SUPPLIED INFORMATION Block Start
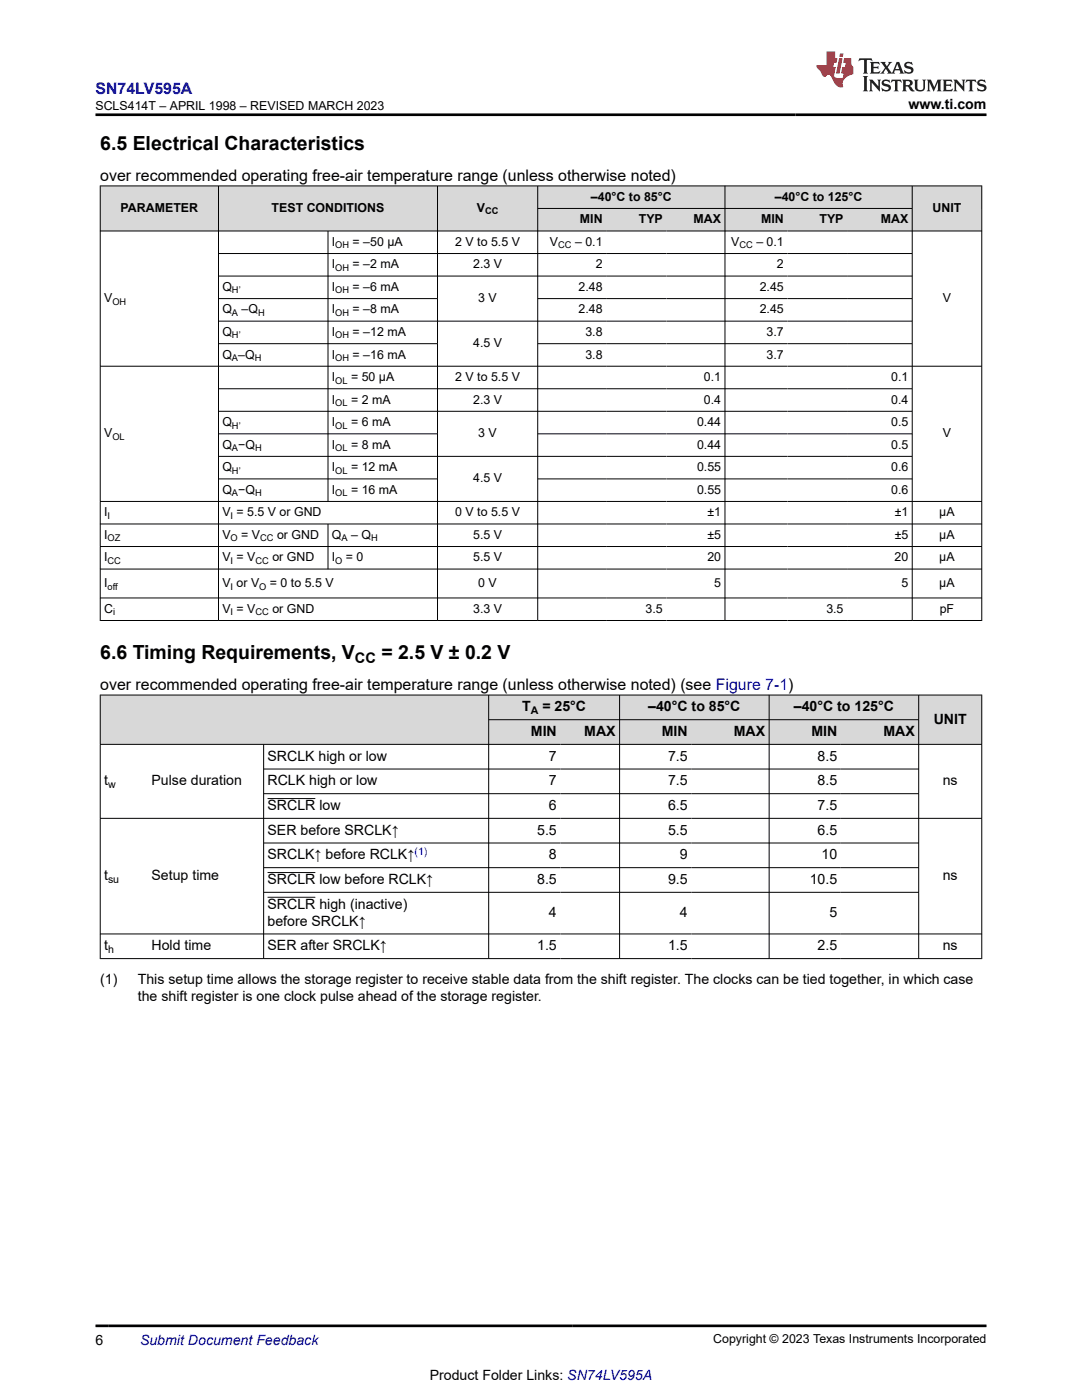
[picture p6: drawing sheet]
<svg xmlns="http://www.w3.org/2000/svg" width="216mm" height="279mm" viewBox="0 0 216 279" stroke-linecap="round" stroke-linejoin="round" font-family="sans-serif">
<defs><g id="words">
<g font-size="3.9">
<text x="20" y="29.9">6.5 Electrical Characteristics</text>
<text x="20" y="131.5">6.6 Timing Requirements, V</text>
<text x="76.1" y="131.5">= 2.5 V ± 0.2 V</text>
</g>
<text font-size="3.2" fill="#00f" x="19" y="18.7">SN74LV595A</text>
<g font-size="3.2">
<text x="20" y="36.1">over recommended operating free-air temperature range (unless otherwise noted)</text>
<text x="20" y="137.7">over recommended operating free-air temperature range (unless otherwise noted) (see Figure 7-1)</text>
</g>
<text font-size="2.9" x="70.8" y="132.3">CC</text>
<g font-size="2.8">
<text x="181.3" y="21.8">www.ti.com</text>
<text x="104.2" y="142">T</text>
<text x="108.2" y="142">= 25°C</text>
<text x="129.3" y="142">–40°C to 85°C</text>
<text x="158.4" y="142">–40°C to 125°C</text>
<text x="105.9" y="146.9">MIN</text>
<text x="116.6" y="146.9">MAX</text>
<text x="132.1" y="146.9">MIN</text>
<text x="146.4" y="146.9">MAX</text>
<text x="161.9" y="146.9">MIN</text>
<text x="176.3" y="146.9">MAX</text>
<text x="186.3" y="144.4">UNIT</text>
<text x="53.4" y="151.8">SRCLK high or low</text>
<text x="109.5" y="151.8">7</text>
<text x="133.3" y="151.8">7.5</text>
<text x="163.1" y="151.8">8.5</text>
<text x="20.8" y="156.7">t</text>
<text x="30.2" y="156.7">Pulse duration</text>
<text x="53.4" y="161.7">SRCLR low</text>
<text x="53.4" y="156.7">RCLK high or low</text>
<text x="109.5" y="156.7">7</text>
<text x="109.5" y="161.7">6</text>
<text x="133.3" y="156.7">7.5</text>
<text x="133.3" y="161.7">6.5</text>
<text x="163.1" y="156.7">8.5</text>
<text x="163.1" y="161.7">7.5</text>
<text x="188.1" y="156.7">ns</text>
<text x="53.4" y="166.6">SER before SRCLK↑</text>
<text x="107.2" y="166.6">5.5</text>
<text x="133.3" y="166.6">5.5</text>
<text x="163.1" y="166.6">6.5</text>
<text x="53.4" y="171.5">SRCLK↑ before RCLK↑</text>
<text x="109.5" y="171.5">8</text>
<text x="135.7" y="171.5">9</text>
<text x="163.9" y="171.5">10</text>
<text x="20.8" y="175.7">t</text>
<text x="30.2" y="175.7">Setup time</text>
<text x="53.4" y="176.4">SRCLR low before RCLK↑</text>
<text x="107.2" y="176.4">8.5</text>
<text x="133.3" y="176.4">9.5</text>
<text x="161.6" y="176.4">10.5</text>
<text x="188.1" y="175.7">ns</text>
<text x="53.4" y="181.4">SRCLR high (inactive)</text>
<text x="53.4" y="184.7">before SRCLK↑</text>
<text x="109.5" y="183">4</text>
<text x="135.7" y="183">4</text>
<text x="165.5" y="183">5</text>
<text x="20.8" y="189.7">t</text>
<text x="30.2" y="189.7">Hold time</text>
<text x="53.4" y="189.7">SER after SRCLK↑</text>
<text x="107.2" y="189.7">1.5</text>
<text x="133.3" y="189.7">1.5</text>
<text x="163.1" y="189.7">2.5</text>
<text x="188.1" y="189.7">ns</text>
<text x="20" y="196.5">(1)</text>
<text x="27.5" y="196.5">This setup time allows the storage register to receive stable data from the shift register. The clocks can be tied together, in which case</text>
<text x="27.5" y="199.9">the shift register is one clock pulse ahead of the storage register.</text>
<text x="19" y="268.4">6</text>
<text x="85.8" y="275.3">Product Folder Links: SN74LV595A</text>
</g>
<text font-size="2.8" fill="#00f" x="27.9" y="268.4">Submit Document Feedback</text>
<g font-size="2.5">
<text x="19.1" y="21.9">SCLS414T – APRIL 1998 – REVISED MARCH 2023</text>
<text x="117.9" y="40.1">–40°C to 85°C</text>
<text x="154.6" y="40.1">–40°C to 125°C</text>
<text x="24.1" y="42.3">PARAMETER</text>
<text x="54.2" y="42.3">TEST CONDITIONS</text>
<text x="95.1" y="42.3">V</text>
<text x="115.7" y="44.6">MIN</text>
<text x="127.5" y="44.6">TYP</text>
<text x="138.4" y="44.6">MAX</text>
<text x="151.9" y="44.6">MIN</text>
<text x="163.5" y="44.6">TYP</text>
<text x="175.8" y="44.6">MAX</text>
<text x="186.1" y="42.3">UNIT</text>
<text x="66.2" y="49.1">I</text>
<text x="66.2" y="53.6">I</text>
<text x="70.4" y="49.1">= –50 µA</text>
<text x="70.4" y="53.6">= –2 mA</text>
<text x="90.8" y="49.1">2 V to 5.5 V</text>
<text x="94.4" y="53.6">2.3 V</text>
<text x="109.7" y="49.1">V</text>
<text x="114.8" y="49.1">– 0.1</text>
<text x="118.9" y="53.6">2</text>
<text x="145.9" y="49.1">V</text>
<text x="150.9" y="49.1">– 0.1</text>
<text x="155" y="53.6">2</text>
<text x="44.4" y="58.1">Q</text>
<text x="66.2" y="58.1">I</text>
<text x="70.4" y="58.1">= –6 mA</text>
<text x="115.4" y="58.1">2.48</text>
<text x="151.6" y="58.1">2.45</text>
<text x="20.8" y="60.3">V</text>
<text x="44.4" y="62.6">Q</text>
<text x="48.2" y="62.6">–Q</text>
<text x="66.2" y="62.6">I</text>
<text x="70.4" y="62.6">= –8 mA</text>
<text x="95.4" y="60.3">3 V</text>
<text x="115.4" y="62.6">2.48</text>
<text x="151.6" y="62.6">2.45</text>
<text x="188.1" y="60.3">V</text>
<text x="44.4" y="67.1">Q</text>
<text x="44.4" y="71.5">Q –Q</text>
<text x="66.2" y="67.1">I</text>
<text x="66.2" y="71.5">I</text>
<text x="70.4" y="67.1">= –12 mA</text>
<text x="70.4" y="71.5">= –16 mA</text>
<text x="94.4" y="69.3">4.5 V</text>
<text x="116.8" y="67.1">3.8</text>
<text x="116.8" y="71.5">3.8</text>
<text x="153" y="67.1">3.7</text>
<text x="153" y="71.5">3.7</text>
<text x="66.2" y="76">I</text>
<text x="70.1" y="76">= 50 µA</text>
<text x="90.8" y="76">2 V to 5.5 V</text>
<text x="140.5" y="76">0.1</text>
<text x="177.8" y="76">0.1</text>
<text x="66.2" y="80.5">I</text>
<text x="70.1" y="80.5">= 2 mA</text>
<text x="94.4" y="80.5">2.3 V</text>
<text x="140.5" y="80.5">0.4</text>
<text x="177.8" y="80.5">0.4</text>
<text x="20.8" y="87.3">V</text>
<text x="44.4" y="85">Q</text>
<text x="44.4" y="89.5">Q −Q</text>
<text x="66.2" y="85">I</text>
<text x="66.2" y="89.5">I</text>
<text x="70.1" y="85">= 6 mA</text>
<text x="70.1" y="89.5">= 8 mA</text>
<text x="95.4" y="87.3">3 V</text>
<text x="139.1" y="85">0.44</text>
<text x="139.1" y="89.5">0.44</text>
<text x="177.8" y="85">0.5</text>
<text x="177.8" y="89.5">0.5</text>
<text x="188.1" y="87.3">V</text>
<text x="44.4" y="94">Q</text>
<text x="66.2" y="94">I</text>
<text x="70.1" y="94">= 12 mA</text>
<text x="139.1" y="94">0.55</text>
<text x="177.8" y="94">0.6</text>
<text x="44.4" y="98.5">Q −Q</text>
<text x="66.2" y="98.5">I</text>
<text x="70.1" y="98.5">= 16 mA</text>
<text x="94.4" y="96.3">4.5 V</text>
<text x="139.1" y="98.5">0.55</text>
<text x="177.8" y="98.5">0.6</text>
<text x="20.8" y="103">I</text>
<text x="20.8" y="107.5">I</text>
<text x="44.4" y="103">V = 5.5 V or GND</text>
<text x="44.4" y="107.5">V</text>
<text x="48.1" y="107.5">= V</text>
<text x="55.3" y="107.5">or GND</text>
<text x="66.2" y="107.5">Q</text>
<text x="70.1" y="107.5">– Q</text>
<text x="90.8" y="103">0 V to 5.5 V</text>
<text x="94.4" y="107.5">5.5 V</text>
<text x="141.2" y="103">±1</text>
<text x="141.2" y="107.5">±5</text>
<text x="178.5" y="103">±1</text>
<text x="178.5" y="107.5">±5</text>
<text x="187.4" y="103">µA</text>
<text x="187.4" y="107.5">µA</text>
<text x="20.8" y="112">I</text>
<text x="44.4" y="112">V = V</text>
<text x="54.3" y="112">or GND</text>
<text x="66.2" y="112">I</text>
<text x="69" y="112">= 0</text>
<text x="94.4" y="112">5.5 V</text>
<text x="141.1" y="112">20</text>
<text x="178.5" y="112">20</text>
<text x="187.4" y="112">µA</text>
<text x="20.8" y="117.2">I</text>
<text x="44.4" y="117.2">V or V</text>
<text x="53.9" y="117.2">= 0 to 5.5 V</text>
<text x="95.4" y="117.2">0 V</text>
<text x="142.5" y="117.2">5</text>
<text x="179.9" y="117.2">5</text>
<text x="187.4" y="117.2">µA</text>
<text x="20.8" y="122.3">C</text>
<text x="44.4" y="122.3">V = V</text>
<text x="54.3" y="122.3">or GND</text>
<text x="94.4" y="122.3">3.3 V</text>
<text x="128.8" y="122.3">3.5</text>
<text x="164.9" y="122.3">3.5</text>
<text x="187.5" y="122.3">pF</text>
<text x="142.3" y="268.1">Copyright © 2023 Texas Instruments Incorporated</text>
</g>
<g font-size="2.1">
<text x="105.9" y="142.6">A</text>
<text x="21.6" y="157.3">w</text>
<text x="21.6" y="176.2">su</text>
<text x="21.6" y="190.2">h</text>
</g>
<text font-size="2.1" fill="#00f" x="82.7" y="170.6">(1)</text>
<g font-size="1.9">
<text x="96.8" y="42.8">CC</text>
<text x="66.9" y="49.6">OH</text>
<text x="111.4" y="49.6">CC</text>
<text x="147.6" y="49.6">CC</text>
<text x="46.3" y="58.5">H’</text>
<text x="66.9" y="54.1">OH</text>
<text x="66.9" y="58.5">OH</text>
<text x="22.4" y="60.8">OH</text>
<text x="46.3" y="63">A</text>
<text x="51.5" y="63">H</text>
<text x="66.9" y="63">OH</text>
<text x="46.3" y="67.5">H’</text>
<text x="66.9" y="67.5">OH</text>
<text x="46.3" y="72">A</text>
<text x="50.8" y="72">H</text>
<text x="66.9" y="72">OH</text>
<text x="66.9" y="76.5">OL</text>
<text x="66.9" y="81">OL</text>
<text x="22.4" y="87.8">OL</text>
<text x="46.3" y="85.5">H’</text>
<text x="66.9" y="85.5">OL</text>
<text x="46.3" y="90">A</text>
<text x="46.3" y="94.5">H’</text>
<text x="50.9" y="90">H</text>
<text x="66.9" y="90">OL</text>
<text x="66.9" y="94.5">OL</text>
<text x="46.3" y="99">A</text>
<text x="50.9" y="99">H</text>
<text x="66.9" y="99">OL</text>
<text x="21.5" y="103.5">I</text>
<text x="46" y="103.5">I</text>
<text x="21.5" y="108">OZ</text>
<text x="21.5" y="112.5">CC</text>
<text x="46" y="108">O</text>
<text x="46" y="112.5">I</text>
<text x="51" y="112.5">CC</text>
<text x="51.9" y="108">CC</text>
<text x="66.9" y="112.5">O</text>
<text x="68.1" y="108">A</text>
<text x="74" y="108">H</text>
<text x="21.5" y="117.7">off</text>
<text x="46" y="117.7">I</text>
<text x="51.7" y="117.7">O</text>
<text x="22.6" y="122.8">i</text>
<text x="46" y="122.8">I</text>
<text x="51" y="122.8">CC</text>
</g>
</g></defs>
<g fill="#d8d8d8">
<path d="M20 37.1h175.9v4.5h-175.9z" fill-rule="evenodd"/>
<path d="M20.1 37.2h23.4v8.8h-23.4z" fill-rule="evenodd"/>
<path d="M43.7 37.2h43.5v8.8h-43.5z" fill-rule="evenodd"/>
<path d="M87.4 37.2h19.8v8.8h-19.8z" fill-rule="evenodd"/>
<path d="M107.4 37.2h37.2v4.3h-37.2z" fill-rule="evenodd"/>
<path d="M144.7 37.2h37.3v4.3h-37.3z" fill-rule="evenodd"/>
<path d="M182.1 37.2h13.7v8.8h-13.7z" fill-rule="evenodd"/>
<path d="M107.4 41.7h13.6v4.3h-13.6z" fill-rule="evenodd"/>
<path d="M121 41.7h12v4.3h-12z" fill-rule="evenodd"/>
<path d="M133 41.7h11.6v4.3h-11.6z" fill-rule="evenodd"/>
<path d="M144.7 41.7h12.4v4.3h-12.4z" fill-rule="evenodd"/>
<path d="M157.1 41.7h11.9v4.3h-11.9z" fill-rule="evenodd"/>
<path d="M169 41.7h13v4.3h-13z" fill-rule="evenodd"/>
</g>
<g fill="none" stroke="#000" stroke-width=".2">
<path d="M19.9 37.1h176.1M20 37v86.9M43.6 37v86.9M87.3 37v86.9M107.3 37v86.9M144.7 37v86.9M182 37v86.9M195.9 37v86.9M19.9 46.1h176.1M43.6 50.6h138.5M43.6 55.1h138.5M43.6 59.6h43.8"/>
<path d="M65.4 46.1v54M107.3 41.6h74.8M107.3 59.6h74.8M19.9 73.1h176.1M43.6 64.1h138.5M43.6 68.6h43.8M43.6 77.6h138.5M107.3 68.6h74.8M43.6 82.1h138.5M43.6 86.6h43.8M43.6 91.1h138.5M43.6 95.6h43.8"/>
<path d="M107.3 86.6h74.8M107.3 95.6h74.8M19.9 100.1h176.1M19.9 104.6h176.1M19.9 109.1h176.1M19.9 113.6h176.1M19.9 119.3h176.1M65.4 104.6v9M19.9 123.8h176.1"/>
</g>
<g fill="#d8d8d8">
<path d="M20 138.7h175.9v4.9h-175.9z" fill-rule="evenodd"/>
<path d="M20.1 138.8h77.3v9.7h-77.3z" fill-rule="evenodd"/>
<path d="M97.6 138.8h26v4.8h-26z" fill-rule="evenodd"/>
<path d="M123.7 138.8h29.7v4.8h-29.7z" fill-rule="evenodd"/>
<path d="M153.5 138.8h29.8v4.8h-29.8z" fill-rule="evenodd"/>
<path d="M183.4 138.8h12.4v9.7h-12.4z" fill-rule="evenodd"/>
<path d="M97.6 143.7h14.2v4.8h-14.2z" fill-rule="evenodd"/>
<path d="M111.8 143.7h11.8v4.8h-11.8z" fill-rule="evenodd"/>
<path d="M123.7 143.7h14.2v4.8h-14.2z" fill-rule="evenodd"/>
<path d="M137.9 143.7h15.5v4.8h-15.5z" fill-rule="evenodd"/>
<path d="M153.5 143.7h14.3v4.8h-14.3z" fill-rule="evenodd"/>
<path d="M167.8 143.7h15.5v4.8h-15.5z" fill-rule="evenodd"/>
</g>
<g fill="none" stroke="#000" stroke-width=".2">
<path d="M19.9 138.7h176.1M20 138.7v52.7M97.5 138.7v52.7M123.6 138.7v52.7M153.5 138.7v52.7M183.3 138.7v52.7M195.9 138.7v52.7M19.9 148.6h176.1M52.6 148.6v42.8M52.6 153.5h130.8M52.6 158.4h130.8M53.4 159.4h9.5"/>
<path d="M97.5 143.6h85.9M19.9 163.3h176.1M52.6 168.2h130.8M52.6 173.2h130.8M52.6 178.1h130.8M53.4 174.1h9.5M53.4 179.1h9.5M19.9 186.4h176.1M19.9 191.3h176.1"/>
</g>
<path d="M171.5 11.6l-.2 .6 .5-.2h.6v.1v2.2l-.2 .4h1l-.2-.4v-2.2v-.1h.5l.5 .2-.1-.6zM173.6 12.4l.2 .3v1.6l-.2 .4h1.9l.1-.6a1.08 1.08 0 0 1-1.3 .2v-.7h.6l.4 .2v-.7l-.4 .2h-.6v-.5l.2-.2a1 1 0 0 1 1 .3l-.1-.5zM175.7 12.4l.9 1.1-1 1.2h.9l-.2-.2 .5-.8 .4 .8-.2 .2h1.6l-.2-.2 .2-.5h.9l.1 .5-.1 .2h.9l-.2-.4-.8-1.9h-.5l-.9 2.1-.9-1.1 .9-1h-.8l.2 .2-.4 .6-.4-.6 .2-.2zM179 12.8l.4 1h-.7zM180.7 12.5a.65 .65 0 0 0-.2 .7 .65 .65 0 0 0 .6 .5l.6 .1 .1 .3a.79 .79 0 0 1-.7 .4 .79 .79 0 0 1-.7-.5l.1 .7 .2-.1a.93 .93 0 0 0 1.1 0 .93 .93 0 0 0 .4-.9 1.46 1.46 0 0 0-1.2-.6l-.1-.3a1.09 1.09 0 0 1 1.2 .2l-.2-.6-.1 .1-.5-.2zM172.2 15.2l.2 .4v2.2l-.2 .4h1l-.2-.4v-2.2l.2-.4zM173.4 15.9l.2 .4v1.5l-.2 .4h.8l-.3-.4 .1-1.3 1.6 1.8v-2l.2-.4h-.7l.1 .2 .1 1.1-1.2-1.3zM176.2 16a.65 .65 0 0 0-.2 .8 .65 .65 0 0 0 .6 .4l.6 .2 .1 .2a.79 .79 0 0 1-.7 .4 .79 .79 0 0 1-.7-.5l.1 .7 .2-.1a.93 .93 0 0 0 1.1 .1 .93 .93 0 0 0 .4-1 1.46 1.46 0 0 0-1.2-.5l-.1-.4a1.09 1.09 0 0 1 1.2 .2l-.1-.6-.2 .1-.5-.1zM177.9 15.9l-.1 .6a.63 .63 0 0 1 .8-.3v1.6l-.3 .4h1l-.2-.4v-1.6a.66 .66 0 0 1 .8 .3l-.1-.6zM180 15.9l.2 .4v1.5l-.2 .4h1l-.2-.2-.1-.7h.5l.1 .2a.79 .79 0 0 0 1.2 .6l-1-.9a.61 .61 0 0 0 .6-.6 .61 .61 0 0 0-.5-.7zM180.8 16.2h.1a.47 .47 0 0 1 .5 .1 .47 .47 0 0 1 .1 .5l-.1 .1-.7 .1zM182.3 15.9l.2 .2a2.27 2.27 0 0 0 .4 2 1.04 1.04 0 0 0 1.7-.7v-1.3l.2-.2h-.8l.2 .4v1.1a.6 .6 0 0 1-.6 .6 .6 .6 0 0 1-.6-.6v-1.1l.3-.4zM184.9 15.9l.2 .4v1.5l-.2 .4h.8l-.3-.4v-1.4l.9 1.9 .9-1.9v1.4l-.3 .4h1l-.2-.4v-1.5l.2-.4h-.8l-.7 1.5-.6-1.5zM188.1 15.9l.2 .4v1.5l-.2 .4h1.9l.1-.6a1.09 1.09 0 0 1-1.3 .2v-.7h.6l.4 .2v-.6l-.4 .2h-.6v-.6l.2-.1a1.01 1.01 0 0 1 1 .3l-.1-.6zM190.2 15.9l.3 .4v1.5l-.3 .4h.8l-.2-.4v-1.3l1.6 1.8v-2l.2-.4h-.7l.2 .2v1.1l-1.2-1.3zM192.8 15.9l-.1 .6a.63 .63 0 0 1 .8-.3v1.6l-.3 .4h1l-.2-.4v-1.6a.66 .66 0 0 1 .8 .3l-.1-.6zM195.2 16a.65 .65 0 0 0-.2 .8 .65 .65 0 0 0 .6 .4l.6 .2 .2 .2a.79 .79 0 0 1-.7 .4 .79 .79 0 0 1-.7-.5l.1 .7 .2-.1a.93 .93 0 0 0 1 .1 .93 .93 0 0 0 .5-1 1.46 1.46 0 0 0-1.3-.5v-.4a1.09 1.09 0 0 1 1.2 .2l-.2-.6-.2 .1-.5-.1z" fill="#231f20"/>
<path d="M164.9 10.3v2.7h-2l.1 .4 .8 1a.95 .95 0 0 0 1 .9 .59 .59 0 0 1 .5-.4 .59 .59 0 0 1 .5 .3l.4 .8a1.59 1.59 0 0 0 2.1 1.4 1.61 1.61 0 0 1 1-2.3l1-.3-.1-1.5a1.59 1.59 0 0 1-.3-1.7h-1.5l-.2 .9h.6l-.2 .9h-.5l-.2 .9v.3l.4 .1-.1 .9h-.7a.73 .73 0 0 1-1-.7l.3-1.5h-.5l.1-.9h.5l.2-.9h-.5v-1.3zM167.4 11.6l-.6 3.1h.7l.6-3.1zM167.6 10.7l-.1 .6h.7l.1-.6z" fill="#ed1c24"/>
<path d="M19 22.9h177.8M19 264.6h177.8" fill="none" stroke="#000" stroke-width=".53"/>
<use href="#words"/>
</svg>
SUPPLIED INFORMATION Block End
EXERCISE INSTRUCTIONS:
Looking at the entries above, state the number of lines that contain "SRCLR" and add nothing more.

RESULT OF THIS TASK:
3